Chinese steel and iron ore futures tumbled to multi-month lows earlier this month as market sentiment turned bearish on demand outlook and worries mounted about a glut of steel later this year.
The employment sub-index slipped to 49.2 from 50.0 in March while the raw materials inventories sub-index was unchanged at 48.3.
Growth in China's services sector slowed slightly to 54.0 in April, compared with the previous month's reading of 55.1, which was the highest since May 2014.
China's economy grew a faster-than-expected 6.9 percent in the first quarter, boosted by higher government infrastructure spending and the nation's gravity-defying property boom.

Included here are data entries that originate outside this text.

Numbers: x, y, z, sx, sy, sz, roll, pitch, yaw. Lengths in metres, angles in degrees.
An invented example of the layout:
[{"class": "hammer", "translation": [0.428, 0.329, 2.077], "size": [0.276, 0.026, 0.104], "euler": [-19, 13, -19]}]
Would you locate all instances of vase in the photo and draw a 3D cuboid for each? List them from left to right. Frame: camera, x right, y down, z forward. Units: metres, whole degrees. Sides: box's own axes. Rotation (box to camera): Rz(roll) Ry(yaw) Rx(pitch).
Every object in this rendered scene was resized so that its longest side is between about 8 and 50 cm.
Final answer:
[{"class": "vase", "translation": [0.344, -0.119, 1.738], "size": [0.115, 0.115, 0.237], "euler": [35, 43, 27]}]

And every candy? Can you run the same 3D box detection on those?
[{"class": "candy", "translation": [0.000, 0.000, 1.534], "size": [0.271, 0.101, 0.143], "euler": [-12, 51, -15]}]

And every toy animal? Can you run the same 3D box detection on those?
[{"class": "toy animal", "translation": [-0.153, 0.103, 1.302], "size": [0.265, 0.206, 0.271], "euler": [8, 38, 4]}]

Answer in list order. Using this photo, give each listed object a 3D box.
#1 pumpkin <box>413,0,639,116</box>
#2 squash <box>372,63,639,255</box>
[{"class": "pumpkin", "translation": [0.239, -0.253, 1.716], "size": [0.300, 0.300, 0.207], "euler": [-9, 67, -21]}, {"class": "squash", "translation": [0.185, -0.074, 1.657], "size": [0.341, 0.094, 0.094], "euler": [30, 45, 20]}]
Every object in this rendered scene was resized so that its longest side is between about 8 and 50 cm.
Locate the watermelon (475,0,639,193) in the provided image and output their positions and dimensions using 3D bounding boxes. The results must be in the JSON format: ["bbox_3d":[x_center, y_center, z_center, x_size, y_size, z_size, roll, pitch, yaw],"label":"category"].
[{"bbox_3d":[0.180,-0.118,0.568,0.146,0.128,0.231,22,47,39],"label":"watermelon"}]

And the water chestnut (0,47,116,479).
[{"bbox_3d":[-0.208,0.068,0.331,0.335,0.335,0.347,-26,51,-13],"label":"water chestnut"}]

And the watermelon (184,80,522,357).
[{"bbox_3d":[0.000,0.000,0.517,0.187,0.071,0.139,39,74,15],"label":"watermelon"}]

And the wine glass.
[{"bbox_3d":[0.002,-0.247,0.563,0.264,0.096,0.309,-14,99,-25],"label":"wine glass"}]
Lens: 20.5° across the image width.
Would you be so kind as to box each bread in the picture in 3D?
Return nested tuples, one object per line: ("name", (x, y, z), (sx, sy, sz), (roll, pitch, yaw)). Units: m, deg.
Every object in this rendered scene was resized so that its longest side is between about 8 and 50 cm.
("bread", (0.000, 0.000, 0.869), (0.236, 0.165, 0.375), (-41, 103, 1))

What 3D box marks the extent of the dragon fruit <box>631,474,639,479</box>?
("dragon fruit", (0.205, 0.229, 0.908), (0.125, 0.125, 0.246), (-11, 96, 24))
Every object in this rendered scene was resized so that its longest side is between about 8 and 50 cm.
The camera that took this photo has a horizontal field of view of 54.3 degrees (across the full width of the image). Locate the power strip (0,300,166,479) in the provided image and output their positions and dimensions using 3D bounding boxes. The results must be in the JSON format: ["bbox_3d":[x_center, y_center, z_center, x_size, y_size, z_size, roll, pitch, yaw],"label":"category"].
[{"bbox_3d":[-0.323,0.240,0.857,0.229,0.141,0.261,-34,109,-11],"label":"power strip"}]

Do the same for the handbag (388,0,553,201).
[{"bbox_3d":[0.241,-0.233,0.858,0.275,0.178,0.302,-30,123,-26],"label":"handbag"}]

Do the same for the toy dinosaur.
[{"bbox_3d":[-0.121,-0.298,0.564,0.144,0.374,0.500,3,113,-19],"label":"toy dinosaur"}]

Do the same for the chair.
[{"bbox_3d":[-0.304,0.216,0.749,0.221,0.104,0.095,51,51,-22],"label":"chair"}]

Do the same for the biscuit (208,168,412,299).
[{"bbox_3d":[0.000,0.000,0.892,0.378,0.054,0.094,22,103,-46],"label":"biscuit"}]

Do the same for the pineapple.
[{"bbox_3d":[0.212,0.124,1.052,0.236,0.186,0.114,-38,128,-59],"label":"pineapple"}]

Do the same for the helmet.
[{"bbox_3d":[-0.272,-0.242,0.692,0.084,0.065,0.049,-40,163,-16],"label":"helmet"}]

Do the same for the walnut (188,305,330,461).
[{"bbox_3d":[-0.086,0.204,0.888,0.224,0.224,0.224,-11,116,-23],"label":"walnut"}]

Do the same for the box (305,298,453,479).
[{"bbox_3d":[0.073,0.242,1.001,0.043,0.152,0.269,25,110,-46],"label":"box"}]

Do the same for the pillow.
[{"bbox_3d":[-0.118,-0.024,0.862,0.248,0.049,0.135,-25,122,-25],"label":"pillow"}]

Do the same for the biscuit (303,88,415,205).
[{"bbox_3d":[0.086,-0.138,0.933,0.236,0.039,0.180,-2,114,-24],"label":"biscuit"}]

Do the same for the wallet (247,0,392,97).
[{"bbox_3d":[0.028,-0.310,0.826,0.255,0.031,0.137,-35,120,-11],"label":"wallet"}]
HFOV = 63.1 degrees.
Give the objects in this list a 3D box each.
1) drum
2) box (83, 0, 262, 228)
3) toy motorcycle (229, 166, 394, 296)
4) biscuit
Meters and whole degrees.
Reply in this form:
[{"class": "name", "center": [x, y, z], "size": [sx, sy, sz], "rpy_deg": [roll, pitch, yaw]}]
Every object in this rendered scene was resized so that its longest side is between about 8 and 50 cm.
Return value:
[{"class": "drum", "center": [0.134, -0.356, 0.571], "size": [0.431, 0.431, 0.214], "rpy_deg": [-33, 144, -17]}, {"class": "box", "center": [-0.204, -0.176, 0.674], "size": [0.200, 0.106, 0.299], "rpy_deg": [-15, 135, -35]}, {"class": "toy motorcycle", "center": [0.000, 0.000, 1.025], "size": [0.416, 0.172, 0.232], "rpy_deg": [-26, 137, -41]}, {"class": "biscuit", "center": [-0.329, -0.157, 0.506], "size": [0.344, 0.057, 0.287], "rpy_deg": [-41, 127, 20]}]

But growth is expected to slow as authorities step up a battle to cool the property sector and as the central bank and banking regulator take steps to contain financial risks.
The People's Bank of China is expected to guide short-term interest rates higher, and step up its oversight of the financial sector, amid a crackdown on banks' shadow banking businesses.
Chinese leaders have pledged to shift the emphasis to addressing financial risks and asset bubbles, which analysts say pose a threat to the world's second-largest economy if not managed properly.
President Xi Jinping last week called for increased efforts to ward off systemic risks to help maintain financial security, the official Xinhua news agency reported.
Some analysts believe China's economic growth may have peaked in the first quarter but that it's on track to hit a target of around 6.5 percent this year.
China's producer price inflation cooled for the first time in seven months in March as iron ore and coal prices tumbled, while property sales growth slowed in the first quarter despite robust property investment.
The private sector Caixin/Markit PMI manufacturing survey, which focuses more on small and mid-sized firms, will be published on May 2. The Caixin/Markit PMI is expected to come in at 51.0 for April, according to a Reuters poll of economists, down from 51.2 in March.